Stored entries
• • •

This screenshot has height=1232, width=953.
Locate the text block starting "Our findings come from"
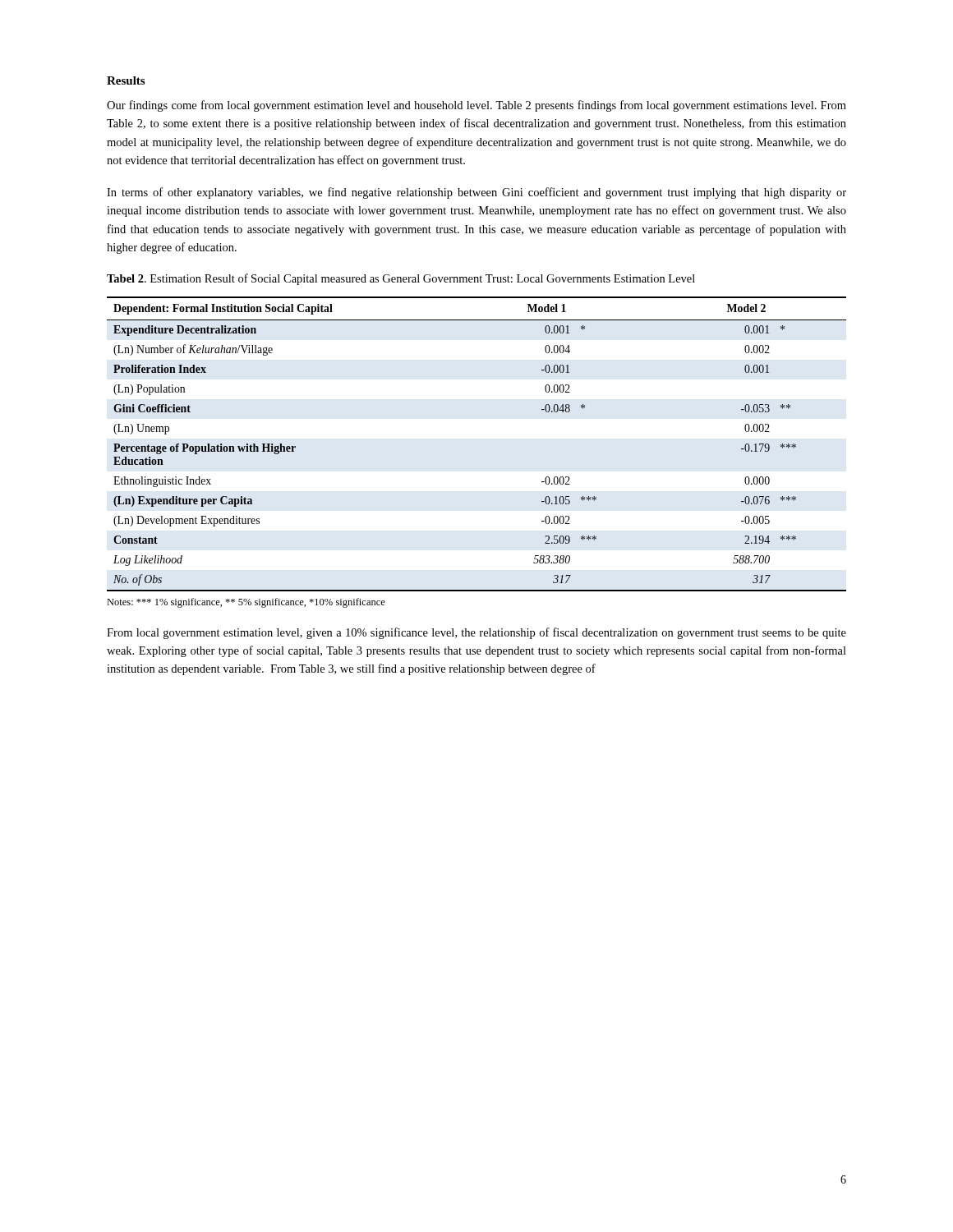coord(476,133)
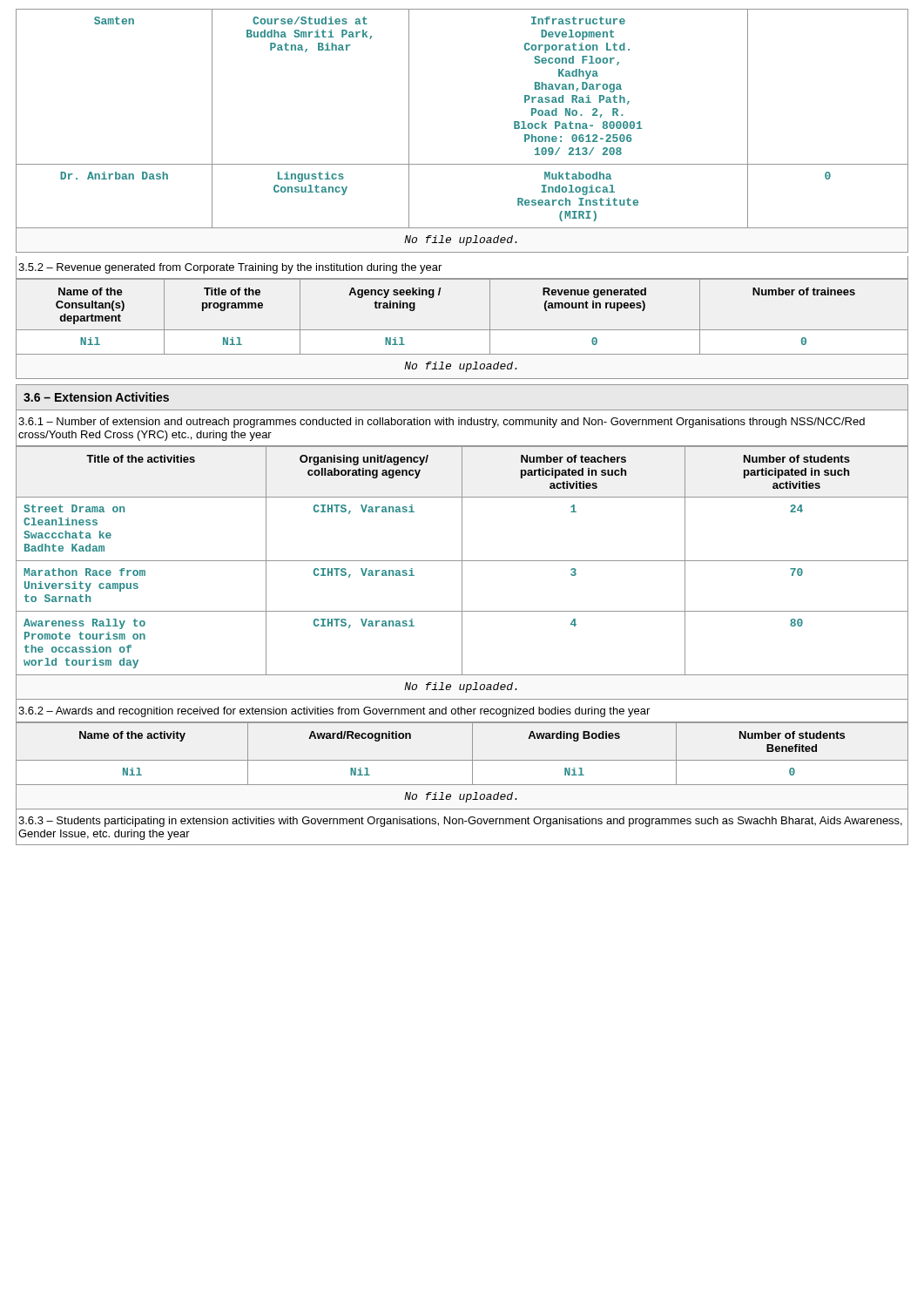
Task: Navigate to the text block starting "6.1 – Number of extension and outreach programmes"
Action: tap(442, 428)
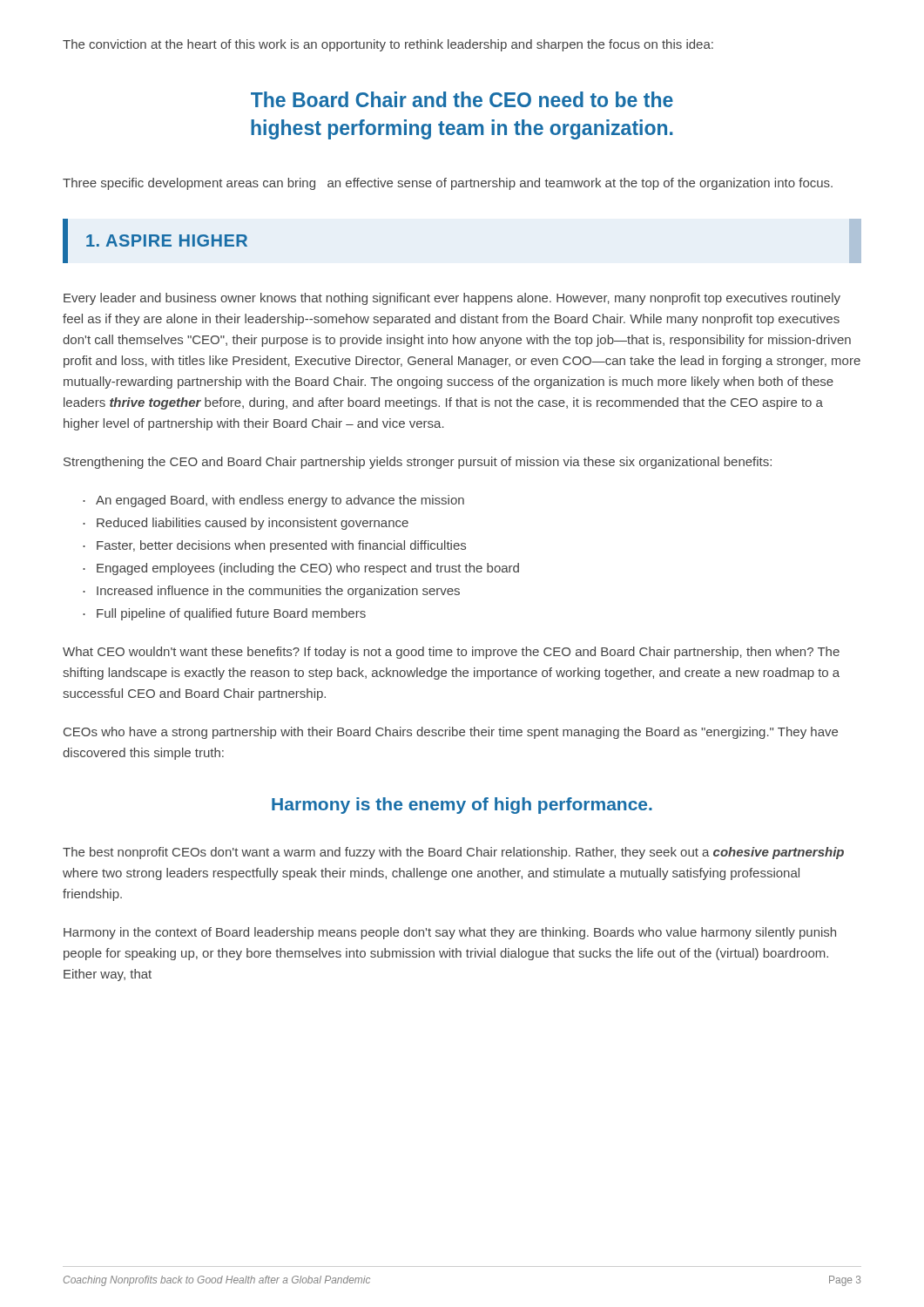Find the list item with the text "Full pipeline of qualified"

click(231, 613)
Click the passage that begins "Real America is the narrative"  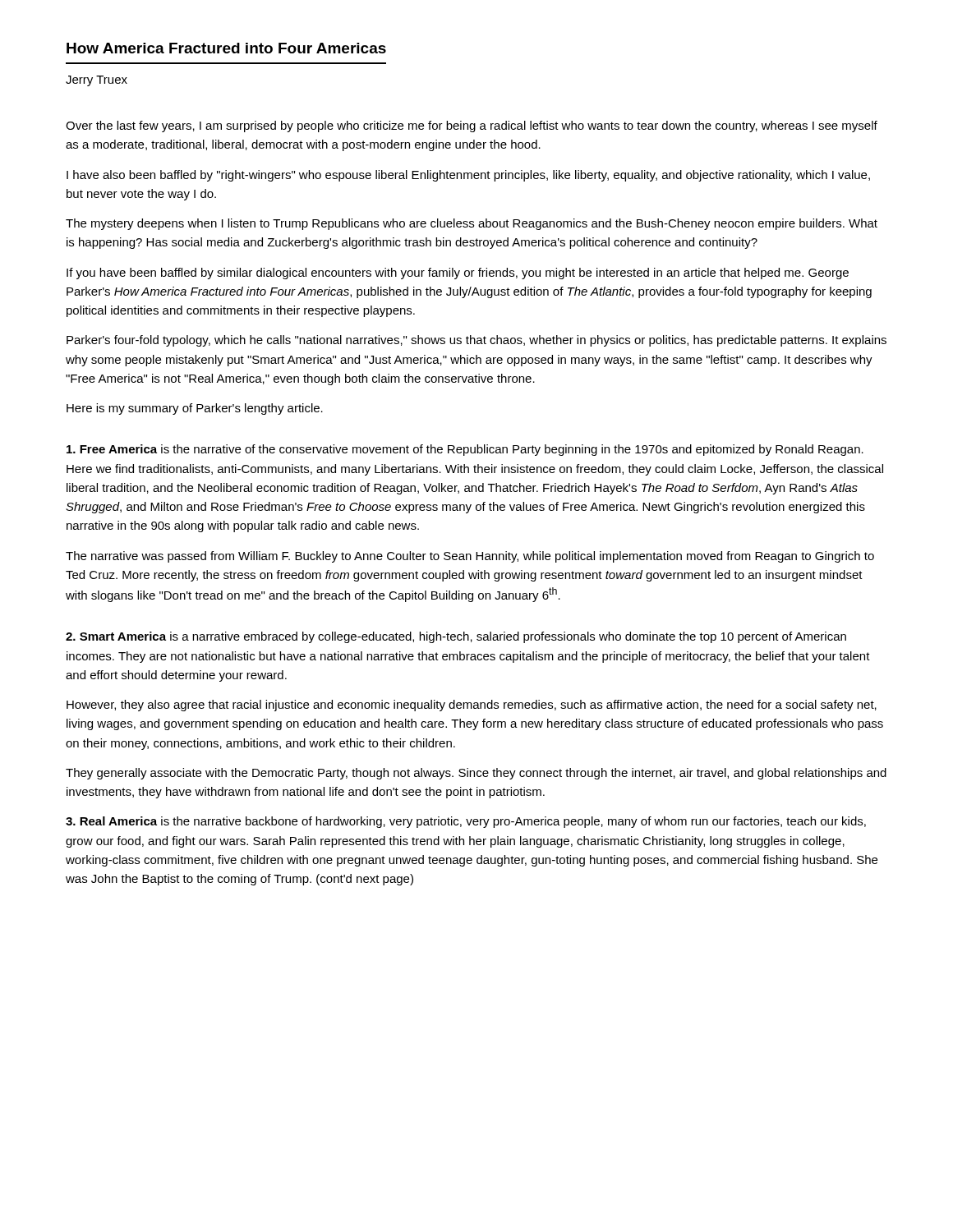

• • •

Directions for this task
Please repeat, exactly and with nothing else, the lines from the one containing "Locate the text" to the last line of the entries, both included, excluding any pictures.

Task answer
Locate the text block starting "Our findings come from"
coord(476,133)
Task: Navigate to the text block starting "6.1 – Number of extension and outreach programmes"
Action: tap(442, 428)
Find the list item with the text "Full pipeline of qualified"

click(231, 613)
Click the passage that begins "Real America is the narrative"  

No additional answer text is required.